Sunday, March 06, 2011
Tom's New Zealand: Atlantis
The earthquake filled our house with dust. As soon as the first jolt struck, rooms were filled by walls as old cinderblocks shed their mortar and shifted atop one another. The outside came rushing in. Sunshine first peeked then glared through holes in the walls and roof: piled bricks, poor and arbitrary boundaries.
An aunt was at work at the chemists' in Redcliffs, glass shelves hurling last season's perfumes across the room: unbridled Obsession, dangerous Euphoria. She doesn't remember being knocked off her feet: only that one second she was standing; the next, sprawled over the counter. A portly regular hurled himself atop her as a shield from the onslaught of expired Eternity and unwelcome Escape.

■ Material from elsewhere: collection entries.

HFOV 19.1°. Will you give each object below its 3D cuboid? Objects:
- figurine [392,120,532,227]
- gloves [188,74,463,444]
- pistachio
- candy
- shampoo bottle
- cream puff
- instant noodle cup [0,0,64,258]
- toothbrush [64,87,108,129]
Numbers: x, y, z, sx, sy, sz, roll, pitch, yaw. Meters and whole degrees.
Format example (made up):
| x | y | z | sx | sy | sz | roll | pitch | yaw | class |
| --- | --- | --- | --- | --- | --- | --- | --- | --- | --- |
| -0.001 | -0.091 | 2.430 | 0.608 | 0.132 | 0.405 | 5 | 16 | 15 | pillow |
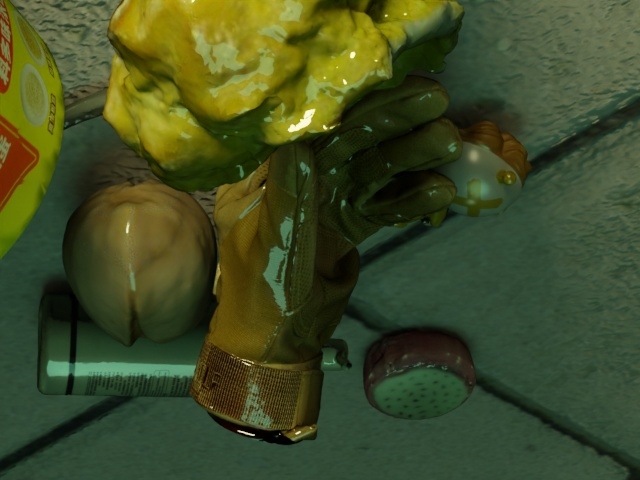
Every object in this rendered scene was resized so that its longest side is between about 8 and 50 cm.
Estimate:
| x | y | z | sx | sy | sz | roll | pitch | yaw | class |
| --- | --- | --- | --- | --- | --- | --- | --- | --- | --- |
| 0.093 | -0.047 | 1.460 | 0.143 | 0.068 | 0.101 | -1 | 141 | 25 | figurine |
| -0.007 | -0.006 | 1.424 | 0.154 | 0.141 | 0.331 | 8 | 115 | -26 | gloves |
| -0.139 | 0.021 | 1.475 | 0.125 | 0.124 | 0.185 | -6 | 144 | 2 | pistachio |
| 0.088 | 0.121 | 1.707 | 0.103 | 0.043 | 0.103 | -2 | 142 | -1 | candy |
| -0.107 | 0.092 | 1.612 | 0.263 | 0.085 | 0.085 | 3 | 144 | -10 | shampoo bottle |
| -0.009 | -0.140 | 1.146 | 0.185 | 0.281 | 0.282 | 22 | 143 | 4 | cream puff |
| -0.311 | -0.095 | 1.175 | 0.311 | 0.311 | 0.221 | -19 | 151 | 20 | instant noodle cup |
| -0.144 | -0.106 | 1.379 | 0.297 | 0.030 | 0.030 | -15 | 133 | 16 | toothbrush |
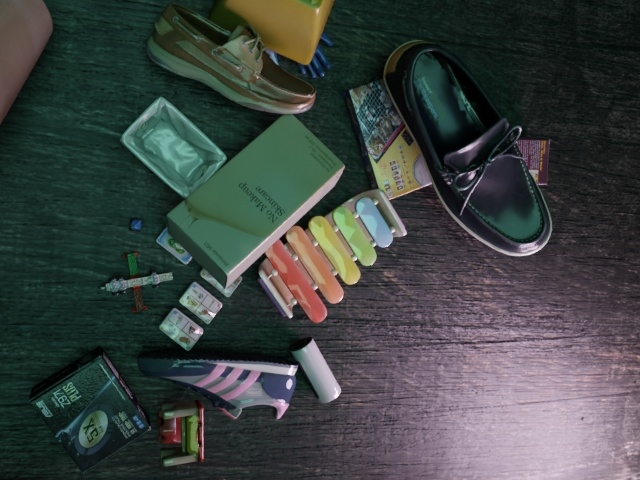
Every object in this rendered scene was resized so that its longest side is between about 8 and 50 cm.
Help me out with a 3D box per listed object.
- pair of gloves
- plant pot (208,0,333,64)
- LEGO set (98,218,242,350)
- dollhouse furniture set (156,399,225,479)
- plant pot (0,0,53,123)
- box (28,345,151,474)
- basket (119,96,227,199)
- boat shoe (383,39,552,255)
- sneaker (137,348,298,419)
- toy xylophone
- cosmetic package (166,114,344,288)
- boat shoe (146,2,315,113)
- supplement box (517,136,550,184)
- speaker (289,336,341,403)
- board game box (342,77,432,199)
[{"bbox_3d":[-0.073,-0.378,1.371,0.198,0.023,0.159,-28,104,-13],"label":"pair of gloves"},{"bbox_3d":[-0.062,-0.477,1.257,0.212,0.187,0.212,21,85,-12],"label":"plant pot"},{"bbox_3d":[-0.302,0.071,1.349,0.244,0.060,0.182,41,71,-18],"label":"LEGO set"},{"bbox_3d":[-0.233,0.484,1.330,0.152,0.201,0.373,0,89,-17],"label":"dollhouse furniture set"},{"bbox_3d":[-0.591,-0.312,1.090,0.323,0.323,0.280,42,67,-17],"label":"plant pot"},{"bbox_3d":[-0.431,0.317,1.306,0.147,0.077,0.180,-32,104,-11],"label":"box"},{"bbox_3d":[-0.275,-0.169,1.288,0.167,0.103,0.113,44,82,-18],"label":"basket"},{"bbox_3d":[0.299,-0.174,1.365,0.187,0.156,0.500,-34,99,-2],"label":"boat shoe"},{"bbox_3d":[-0.202,0.286,1.356,0.319,0.112,0.131,9,90,-17],"label":"sneaker"},{"bbox_3d":[0.000,0.000,1.404,0.323,0.081,0.236,-43,106,-9],"label":"toy xylophone"},{"bbox_3d":[-0.120,-0.077,1.294,0.160,0.113,0.309,43,70,4],"label":"cosmetic package"},{"bbox_3d":[-0.153,-0.332,1.267,0.325,0.123,0.116,20,122,-12],"label":"boat shoe"},{"bbox_3d":[0.395,-0.173,1.508,0.188,0.081,0.104,-1,97,-17],"label":"supplement box"},{"bbox_3d":[-0.010,0.269,1.444,0.055,0.055,0.136,-31,104,-12],"label":"speaker"},{"bbox_3d":[0.159,-0.221,1.450,0.165,0.042,0.243,-20,102,-15],"label":"board game box"}]
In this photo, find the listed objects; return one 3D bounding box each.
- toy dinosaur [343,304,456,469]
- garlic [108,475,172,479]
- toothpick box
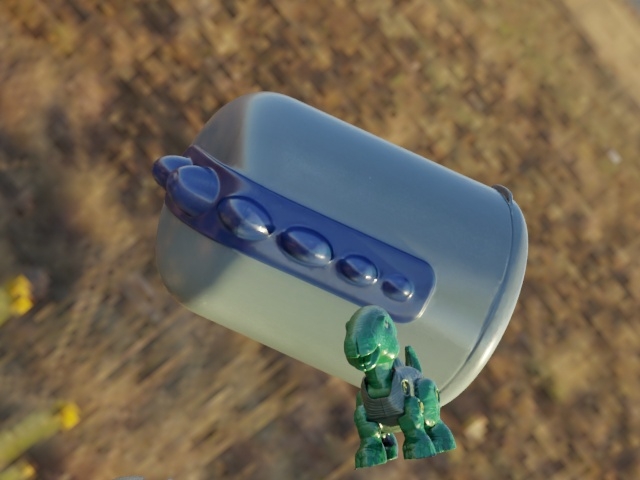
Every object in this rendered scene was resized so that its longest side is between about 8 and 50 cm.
[{"bbox_3d":[0.044,0.085,1.177,0.132,0.059,0.096,-5,86,-75],"label":"toy dinosaur"},{"bbox_3d":[-0.168,0.223,1.157,0.143,0.229,0.178,29,24,-37],"label":"garlic"},{"bbox_3d":[0.000,0.000,1.877,0.354,0.263,0.263,24,22,-18],"label":"toothpick box"}]
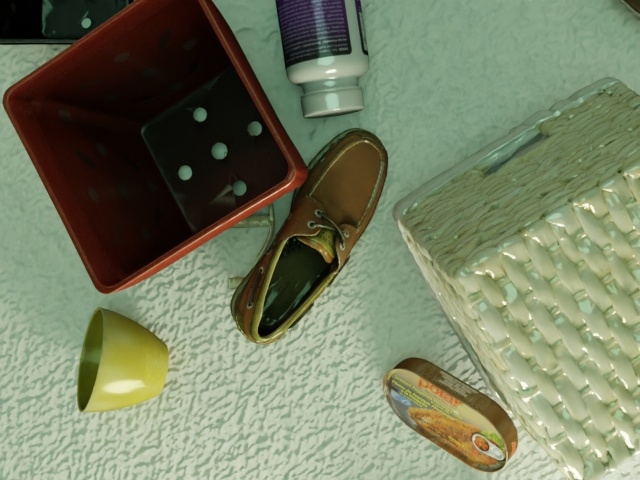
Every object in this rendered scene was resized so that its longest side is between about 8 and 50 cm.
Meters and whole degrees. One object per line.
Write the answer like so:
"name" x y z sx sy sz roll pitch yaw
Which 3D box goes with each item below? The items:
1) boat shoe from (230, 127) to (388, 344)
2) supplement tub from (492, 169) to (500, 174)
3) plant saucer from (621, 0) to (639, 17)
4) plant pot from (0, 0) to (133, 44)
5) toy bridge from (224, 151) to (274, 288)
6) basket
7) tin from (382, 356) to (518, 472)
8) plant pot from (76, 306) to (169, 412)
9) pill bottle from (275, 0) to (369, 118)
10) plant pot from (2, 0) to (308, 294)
"boat shoe" 0.000 0.000 1.344 0.111 0.104 0.307 29 91 -14
"supplement tub" 0.220 -0.055 1.364 0.107 0.071 0.071 -2 91 4
"plant saucer" 0.495 -0.406 1.357 0.311 0.050 0.310 0 90 3
"plant pot" -0.315 -0.329 1.336 0.188 0.167 0.188 1 92 2
"toy bridge" -0.092 -0.024 1.400 0.063 0.026 0.188 -2 90 2
"basket" 0.310 0.038 1.223 0.328 0.266 0.331 -31 107 1
"tin" 0.162 0.216 1.337 0.190 0.106 0.040 30 53 29
"plant pot" -0.251 0.160 1.371 0.095 0.134 0.134 12 91 -22
"pill bottle" 0.003 -0.256 1.352 0.108 0.108 0.193 -8 90 3
"plant pot" -0.162 -0.115 1.276 0.267 0.236 0.267 -31 81 14
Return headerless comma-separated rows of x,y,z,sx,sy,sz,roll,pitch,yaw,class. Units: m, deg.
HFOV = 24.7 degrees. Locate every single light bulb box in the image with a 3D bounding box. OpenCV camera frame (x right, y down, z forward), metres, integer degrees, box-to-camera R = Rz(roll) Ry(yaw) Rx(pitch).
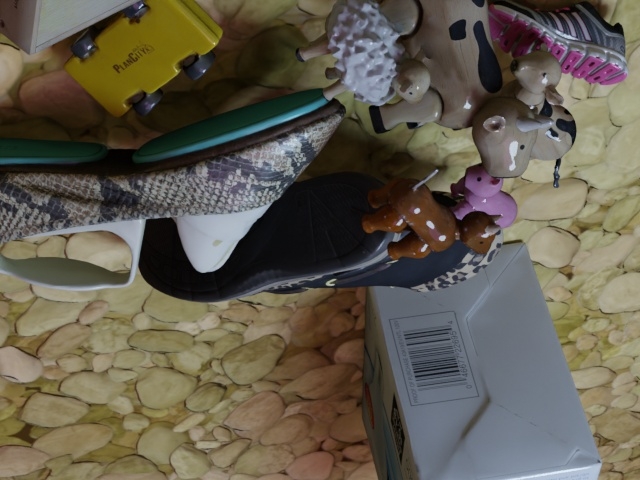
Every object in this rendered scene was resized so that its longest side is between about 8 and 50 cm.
0.194,0.260,1.916,0.225,0.358,0.361,-7,139,-6,light bulb box

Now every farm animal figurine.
0.159,-0.144,1.497,0.172,0.330,0.327,-15,108,35,farm animal figurine

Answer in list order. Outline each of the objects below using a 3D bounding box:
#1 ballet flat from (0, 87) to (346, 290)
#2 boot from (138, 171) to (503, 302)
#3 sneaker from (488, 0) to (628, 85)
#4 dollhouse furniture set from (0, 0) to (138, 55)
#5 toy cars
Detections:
-0.200,-0.042,1.542,0.482,0.164,0.182,-8,106,7,ballet flat
0.000,0.000,1.698,0.377,0.138,0.284,-11,170,37,boot
0.261,-0.230,1.595,0.170,0.075,0.063,20,151,-6,sneaker
-0.270,-0.292,1.265,0.161,0.242,0.212,-36,157,-40,dollhouse furniture set
-0.166,-0.275,1.380,0.176,0.087,0.394,17,139,13,toy cars

The hip-for-the-kidz facade of my little brother's school leapt from the building's cold and sullen hulk in an undisguised attempt on his life. Joe was too fast for the depredations of this unmasked engine of obliteration, and that instant became a microcosm of his young life: peak experience wrung from another moment escaping smiling-faced and lethal education's attempts at a Saturnine morning tea.
A neighbor was working in an office block overlooking the Square before the jolt threw him toward the Cathedral, plate-glass all that kept him from falling five stories, allowing him the spectacle of the Cathedral's spire spiraling down into the quadrangle. He rushed from the building and started running.

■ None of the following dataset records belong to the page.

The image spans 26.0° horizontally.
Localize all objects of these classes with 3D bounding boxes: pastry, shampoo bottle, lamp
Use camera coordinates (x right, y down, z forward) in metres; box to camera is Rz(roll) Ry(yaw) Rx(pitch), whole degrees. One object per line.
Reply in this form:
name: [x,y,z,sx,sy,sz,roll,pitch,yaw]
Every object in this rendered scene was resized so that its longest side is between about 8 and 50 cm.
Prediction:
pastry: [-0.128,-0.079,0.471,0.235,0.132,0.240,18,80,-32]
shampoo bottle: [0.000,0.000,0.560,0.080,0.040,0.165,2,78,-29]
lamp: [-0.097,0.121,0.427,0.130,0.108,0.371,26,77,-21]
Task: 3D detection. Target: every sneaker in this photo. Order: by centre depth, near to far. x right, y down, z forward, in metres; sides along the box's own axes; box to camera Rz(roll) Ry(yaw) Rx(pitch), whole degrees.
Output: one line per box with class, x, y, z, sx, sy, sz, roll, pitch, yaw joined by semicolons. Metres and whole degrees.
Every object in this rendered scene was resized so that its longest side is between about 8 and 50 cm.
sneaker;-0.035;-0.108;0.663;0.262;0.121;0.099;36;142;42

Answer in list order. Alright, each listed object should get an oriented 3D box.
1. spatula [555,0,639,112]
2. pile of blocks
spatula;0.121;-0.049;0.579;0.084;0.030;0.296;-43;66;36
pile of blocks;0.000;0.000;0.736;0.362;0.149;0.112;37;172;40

My girlfriend Hilary was thrown from a treadmill at the University's rec center. All the lights went out and she was herded from the pitch-black building. Ushered into clear daylight and a free-standing campus, she was presented by no sign that this was anything more than a slightly larger aftershock. She quickly became annoyed at the center's refusal to allow her back into the building to get her things. “Are you alright?” I asked from within her phone from within her locker from within the evacuated center.
The Port Hills were doing jumping jacks, leaping two feet in the air and spraying geologic dandruff. A boulder the size of a van effortlessly bisected one building on the section and careened down the hill demanding shelter in another. Cast out and sent onto the watercourse that forms the main artery through the property, the mighty stone would be unable to find satisfaction: seeking to end its journey in our spa pool, the huge rock instead upended the entire tub and came to a stop just short of the deck. Hard to avoid some measure of sympathy for even so destructive and burdensome a beast.
“I'll protect you!” yelled the fat man atop my aunt. “I've been wanting to do this for years!” She felt his hot breath on her neck as boulders rolled down the suburb's eponymous crags, disparate rocks becoming One and Free.
“I can't find my father,” our friend Ashley told Joe, “but there's too many people hurt. I can't leave to look for him.” He spent the afternoon pulling bodies living and dead from the wreckage of the Colombo Run: by his estimate, he retrieved two corpses for every survivor.
Our neighbor ran until he reached Hagley Park. There oblivious strollers, seeing his suit, took him for a visiting businessman and urged him to be calm, that a little shake was normal here in Christchurch. “You don't understand,” he told them, “I've just seen the Cathedral come down.”
“I've seen a lot of dead people,” Joe told me as he walked up the driveway. He walked past a bus crumpled by falling masonry, dimly registering crushed human forms inside. He saw an old man being tended to by emergency services; the man's face had been half knocked from his head. Walking down Colombo Street and through Sydenham, Joe saw streets lined with the body-bags and hastily blanketed corpses that, mere weeks earlier, Ngapuhi kaumatua Gray Theodore had prophesied for Wellington.
The fat man got off my aunt. They haven't spoken since.
Ashley found his father.
Hilary still doesn't have her phone.
Joe, fed up with living in so notoriously seismic a city, took advantage of compassionate airfares and booked a holiday in San Francisco.
Christchurch, never again a solid physical place, now becomes forever alive and frozen at the moment of destruction: the immaterial arena surrounded (as a friend beautifully reminds us) by Baxter's “mountains crouch[ing] like tigers.”
A place where shyster priest Arthur Worthington once pointed through the glass of a shattered lamp toward true reality; where boulders rain like dark karakea onto the beach at Tuawera, onto which a vengeful magician once conjured a poison whale against his enemies. A place of narratives and experiences, of memories and quake moments, streets forever trod by those who'll never tell their stories.